Liebeswasser (Joh 13,1-15)
Predigt von Studierendenpfarrer Dr. Conrad Krannich im Universitätsgottesdienst am 23. Juni 2023
Gründonnerstag auf der Reeperbahn. Freier und Huren mischen sich hier mit viel Partyvolk und mit den Originalen, die keiner so richtig einzusortieren weiß und die trotzdem dazugehören. Und mittendrin eine Geschichte, die ich Ihnen weitererzählen muss:
In dem Trubel Donnerstagabend auf der Reeperbahn ist auch eine Handvoll Pastor:innen zugange. Mit Talar, Beffchen und allem Drum und Dran. Stühle haben sie mitgebracht und Handtücher bereitgelegt. Einer aus der Pastor:innen-Riege steht im Burgerking schräg gegenüber in der Schlange: „[Bald] ist Ostern“, sagt er, als er dran ist, „und wir kommen von der Kirche. Heute ist Fußwaschung. Dafür bräuchten wir heißes Wasser.“ „Der Christ braucht Wasser!“, gibt ein Mitarbeiter nach hinten durch und reicht wenig später einen Eimer über den Tresen. „Achtung, […] heiliges Wasser!“, kommentiert ein Gast. Und dann geht es draußen los. Ungefähr vierzig Menschen nehmen an jenem Gründonnerstagabend Platz auf den Stühlen. Sie lassen sich die Füße waschen. [1]
Da gehört schon was dazu. Nicht nur aufseiten der Waschenden, sondern auch bei denen, die ihre Füße entblößen. Vor den Augen der anderen Schuhe und Strümpfe ausziehen, mich fußnackt dem Anblick der anderen aussetzen. Was werden sie sagen zu meinen verhornten Käsemauken?

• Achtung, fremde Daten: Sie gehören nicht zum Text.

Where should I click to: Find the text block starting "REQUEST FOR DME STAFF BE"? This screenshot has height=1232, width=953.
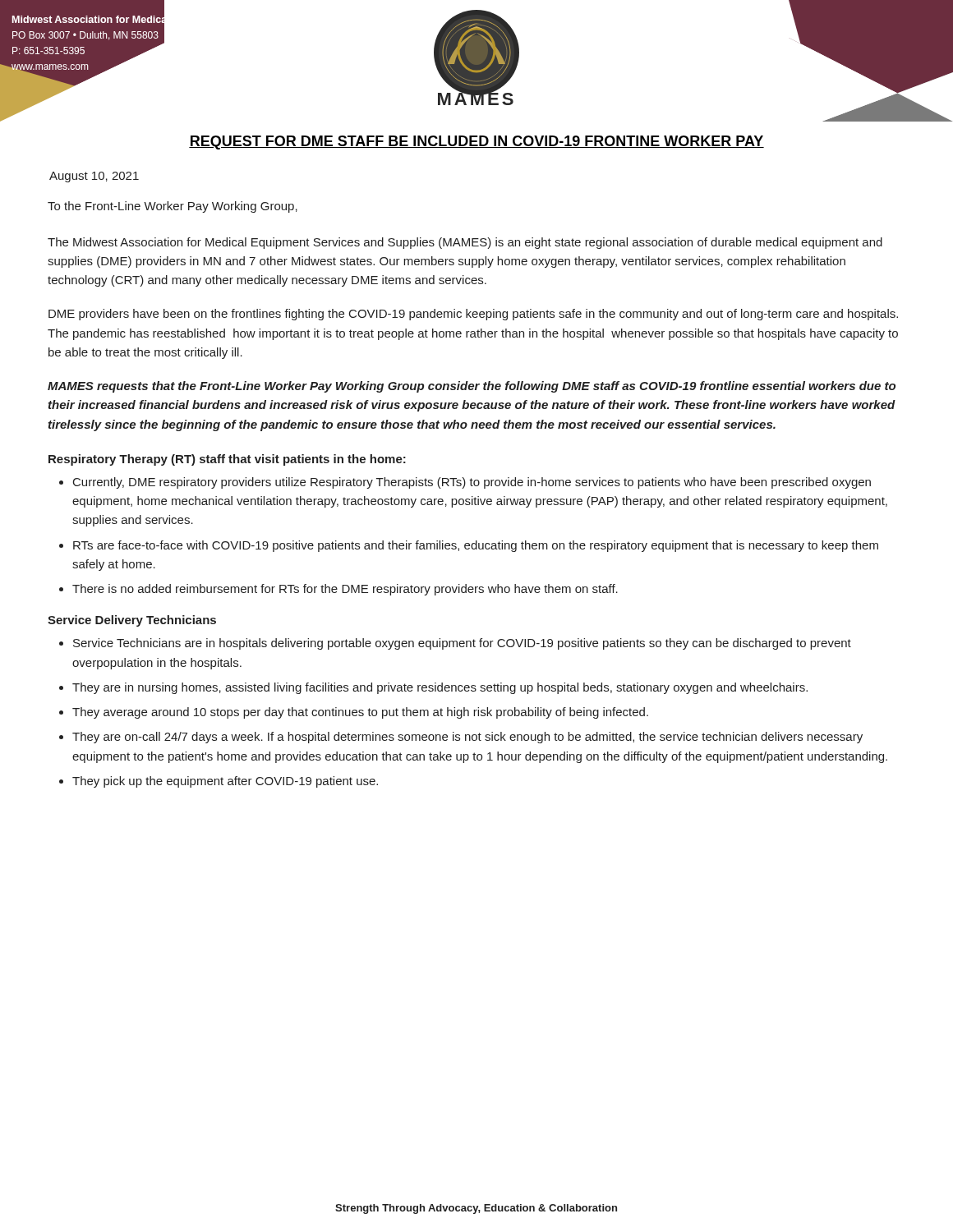point(476,141)

Dafür gibt es doch Orte und Zeiten. Beim Arzt oder bei der Fußpflege. Aber doch nicht hier. Nicht mitten auf der Straße. Nicht einfach so. Warum eigentlich nicht?
Jesus war – wie so oft – sehr eindeutig, als er sagte: „14Wenn nun ich, euer Herr und Meister, euch die Füße gewaschen habe, so sollt auch ihr euch untereinander die Füße waschen. 15[E]in Beispiel habe ich euch gegeben, damit ihr tut, wie ich euch getan habe.“ (Johannes 13)
Ein Sakrament ist die Fußwaschung trotz dieser klaren Worte nie geworden. Vielleicht weil Fußwaschung eben kein Kinderspiel ist. Den Ritus knapp unter der Sakramentsschwelle haltend, haben dann aber doch viele im Namen Jesu einander die Füße gewaschen, erstaunlich viele: Die Zisterzienser taten das in ihren Klöstern jeden Samstagabend. In der römischen Kirche wurde die Fußwaschung 1956 noch einmal aufgewertet und ist seitdem in allen Kathedralen obligatorischer Bestandteil der Gründonnerstagsliturgie. Am Großen Donnerstag wäscht der griechische Patriarch von Jerusalem zwölf Priestern die Füße. Sein armenischer Kollege tut es ihm gleich. Zu den öffentlichkeitswirksames Zeichenhandlung von Papst Franziskus gehört es, dass er 2013 zwölf Gefangenen die Füße wusch. Aber auch Katharer, Waldenser und die Böhmischen Brüder, Sieben-Tags-Adventisten, Mennoniten und die Amische praktizieren die Fußwaschung. Kaiser Karl V. integrierte die Fußwaschung in das Hofzeremoniell. Es hielt sich bei den Habsburgern bis zum Ende der Monarchie 1918.
Päpste und Patriarchen, Kaiser und Könige sinken auf die Knie, Sie begeben sich erdwärts und gehen in Abstand zu den Höhen, in denen sie sonst wirken. Das ist ein starkes Zeichen für alle, auch für sie selbst.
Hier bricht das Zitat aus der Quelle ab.